Piume hardly remembers her life in Sri Lanka, but lives in daily fear she will be sent back

Photo Piume

Published 26 March 2024 5:59am

By Pablo Vinales

Source: SBS News

A group of crossbenchers are calling on the immigration minister to provide a resolution for almost 9,000 asylum seekers who arrived in Australia over a decade ago and remain stuck in ‘limbo’.

Key Points

  • Thousands of asylum seekers who arrived in Australia by boat before 2012 have been kept in limbo since then.
  • A group of crossbenchers is demanding the immigration minister resolve the cases and provide permanent pathways.
  • Almost 9,000 asylum seekers are on bridging visas that have been renewed every six months for more than a decade.

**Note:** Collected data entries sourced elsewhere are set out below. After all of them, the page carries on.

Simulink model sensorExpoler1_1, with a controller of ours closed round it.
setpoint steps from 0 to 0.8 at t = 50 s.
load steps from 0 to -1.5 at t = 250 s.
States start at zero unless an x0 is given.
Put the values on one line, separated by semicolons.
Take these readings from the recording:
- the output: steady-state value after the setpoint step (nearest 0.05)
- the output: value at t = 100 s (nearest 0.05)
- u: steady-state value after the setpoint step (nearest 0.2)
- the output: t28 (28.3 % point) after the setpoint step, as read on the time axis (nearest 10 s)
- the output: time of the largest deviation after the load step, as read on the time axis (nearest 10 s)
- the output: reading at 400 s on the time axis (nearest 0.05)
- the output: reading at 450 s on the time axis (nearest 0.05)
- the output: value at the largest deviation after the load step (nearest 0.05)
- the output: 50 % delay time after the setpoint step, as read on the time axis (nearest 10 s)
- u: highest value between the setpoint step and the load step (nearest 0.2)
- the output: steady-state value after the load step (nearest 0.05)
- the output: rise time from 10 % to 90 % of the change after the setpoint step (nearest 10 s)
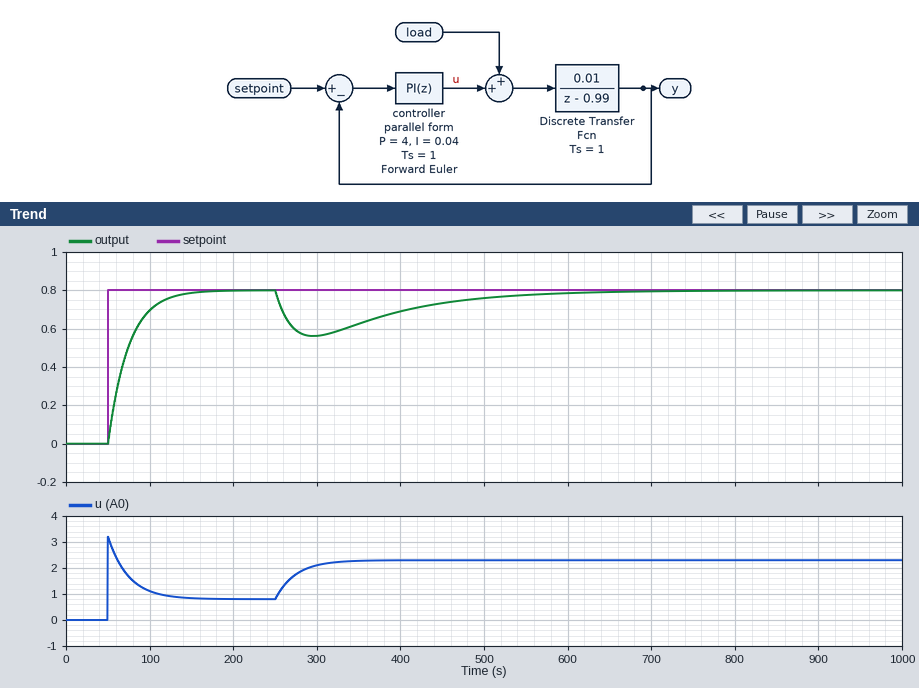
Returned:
0.80; 0.70; 0.8; 60 s; 300 s; 0.70; 0.75; 0.55; 70 s; 3.2; 0.80; 50 s
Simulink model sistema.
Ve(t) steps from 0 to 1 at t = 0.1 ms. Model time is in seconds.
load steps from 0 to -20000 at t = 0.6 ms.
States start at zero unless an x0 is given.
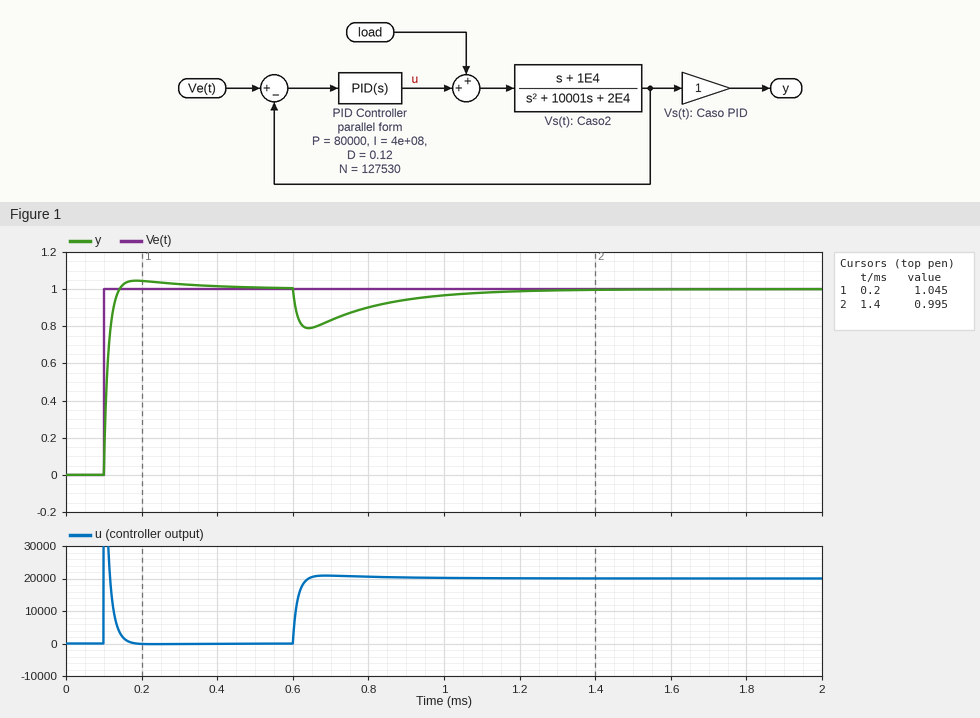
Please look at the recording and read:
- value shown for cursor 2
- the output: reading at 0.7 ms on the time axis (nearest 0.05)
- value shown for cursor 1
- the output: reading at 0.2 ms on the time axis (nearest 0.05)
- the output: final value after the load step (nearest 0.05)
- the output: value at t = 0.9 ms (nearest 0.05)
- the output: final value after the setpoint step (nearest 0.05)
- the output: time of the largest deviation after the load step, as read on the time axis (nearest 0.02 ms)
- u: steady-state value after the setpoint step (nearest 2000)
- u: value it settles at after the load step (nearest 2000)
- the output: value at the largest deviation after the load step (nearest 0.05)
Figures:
0.995
0.85
1.045
1.05
1.00
0.95
1.00
0.64 ms
0
20000
0.80
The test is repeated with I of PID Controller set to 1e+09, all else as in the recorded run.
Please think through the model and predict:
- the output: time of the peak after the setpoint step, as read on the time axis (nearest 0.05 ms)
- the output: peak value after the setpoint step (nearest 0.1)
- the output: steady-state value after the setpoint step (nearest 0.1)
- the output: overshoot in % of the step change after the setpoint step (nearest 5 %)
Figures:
0.15 ms
1.1
1.0
10 %
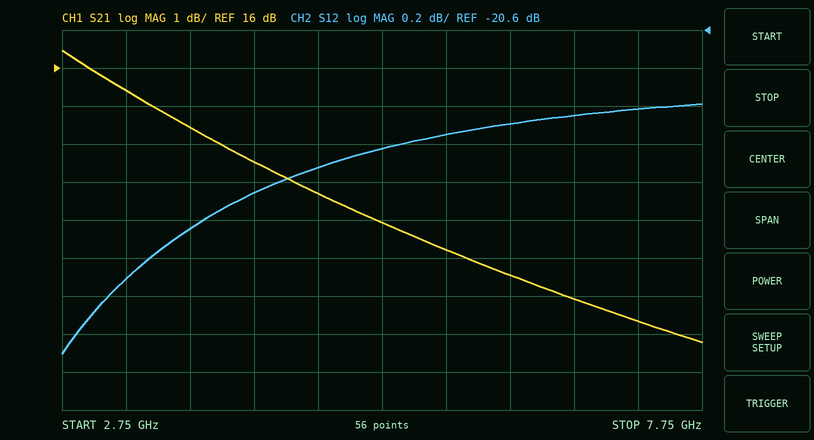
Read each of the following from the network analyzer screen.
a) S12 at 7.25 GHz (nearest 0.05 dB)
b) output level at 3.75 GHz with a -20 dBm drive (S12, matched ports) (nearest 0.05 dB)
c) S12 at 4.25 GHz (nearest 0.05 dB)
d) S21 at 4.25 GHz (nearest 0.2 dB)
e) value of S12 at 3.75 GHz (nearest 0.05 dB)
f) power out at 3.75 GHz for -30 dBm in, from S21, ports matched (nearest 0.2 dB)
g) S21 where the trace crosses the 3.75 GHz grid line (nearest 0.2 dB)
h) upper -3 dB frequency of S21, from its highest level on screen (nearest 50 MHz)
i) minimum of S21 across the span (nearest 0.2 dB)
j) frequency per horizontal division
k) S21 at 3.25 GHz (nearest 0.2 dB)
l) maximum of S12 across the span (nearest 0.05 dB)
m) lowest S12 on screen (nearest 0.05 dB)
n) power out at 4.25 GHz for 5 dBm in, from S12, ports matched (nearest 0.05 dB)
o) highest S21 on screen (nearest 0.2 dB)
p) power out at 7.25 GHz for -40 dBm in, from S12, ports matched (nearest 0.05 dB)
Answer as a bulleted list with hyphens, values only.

- -21.00 dB
- -41.65 dBm
- -21.45 dB
- 13.6 dB
- -21.65 dB
- -15.6 dBm
- 14.4 dB
- 4.30 GHz
- 8.8 dB
- 500 MHz
- 15.4 dB
- -21.00 dB
- -22.30 dB
- -16.45 dBm
- 16.4 dB
- -61.00 dBm
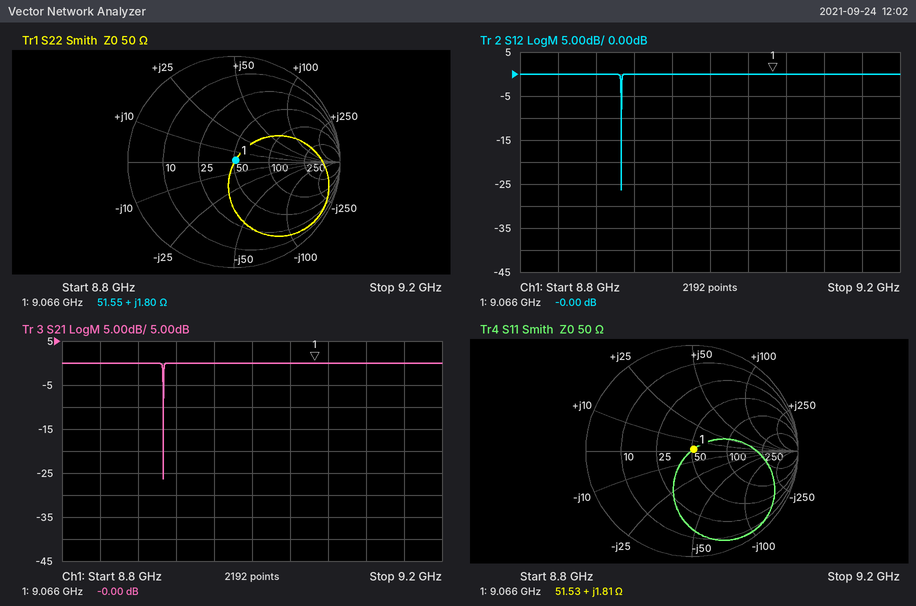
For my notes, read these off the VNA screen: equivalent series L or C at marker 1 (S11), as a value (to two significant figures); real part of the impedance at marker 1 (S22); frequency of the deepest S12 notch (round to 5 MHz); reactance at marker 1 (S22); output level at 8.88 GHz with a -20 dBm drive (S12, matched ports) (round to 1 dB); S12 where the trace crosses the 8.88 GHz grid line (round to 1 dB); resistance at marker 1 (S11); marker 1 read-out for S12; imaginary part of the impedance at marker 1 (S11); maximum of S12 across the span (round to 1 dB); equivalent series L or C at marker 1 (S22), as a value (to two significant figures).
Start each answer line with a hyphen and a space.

- 32 pH
- 51.55 Ω
- 8.905 GHz
- +1.80 Ω
- -20 dBm
- 0 dB
- 51.53 Ω
- -0.00 dB
- +1.81 Ω
- 0 dB
- 32 pH
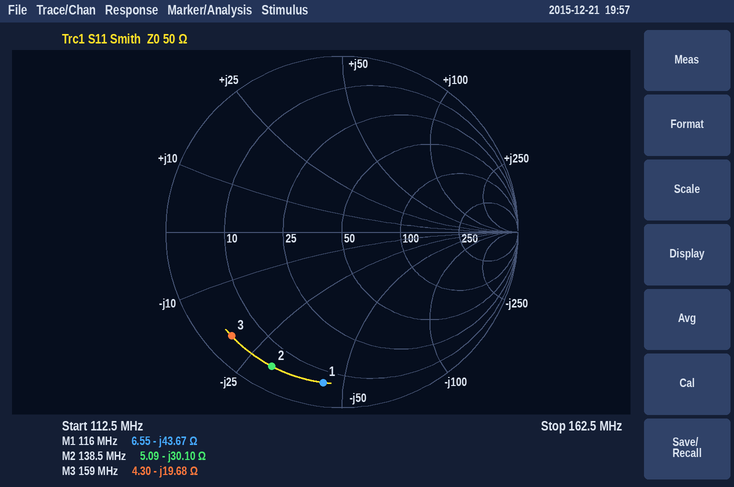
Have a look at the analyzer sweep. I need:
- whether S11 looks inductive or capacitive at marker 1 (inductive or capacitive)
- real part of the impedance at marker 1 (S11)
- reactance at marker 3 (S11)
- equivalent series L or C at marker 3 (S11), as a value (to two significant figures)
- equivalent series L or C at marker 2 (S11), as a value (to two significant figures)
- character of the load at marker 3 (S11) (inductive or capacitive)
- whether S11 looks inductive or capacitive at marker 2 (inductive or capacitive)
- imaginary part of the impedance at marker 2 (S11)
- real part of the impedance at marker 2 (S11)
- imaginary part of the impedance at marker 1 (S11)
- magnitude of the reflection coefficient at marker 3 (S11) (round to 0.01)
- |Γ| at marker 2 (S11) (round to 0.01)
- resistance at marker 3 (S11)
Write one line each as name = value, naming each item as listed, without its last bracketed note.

Piume Kaneshan’s childhood memories of life back in Sri Lanka are vague, but her perilous voyage to venture beyond its shores is without doubt the clearest.

As a seven-year-old, she, her mother, and sister boarded a boat to flee her country of birth, fearing persecution in the years after its civil war in 2009.

It was an 18-day journey and on day six they ran out of food.

“We were terrified … I really didn’t think we were going to make it. We thought we were going to die and no one’s going to know about it,” she told SBS News.

Piume is one of about 9,000 asylum seekers who arrived in Australia more than a decade ago and are stuck in a system originally designed to ‘fast track’ their refugee claims.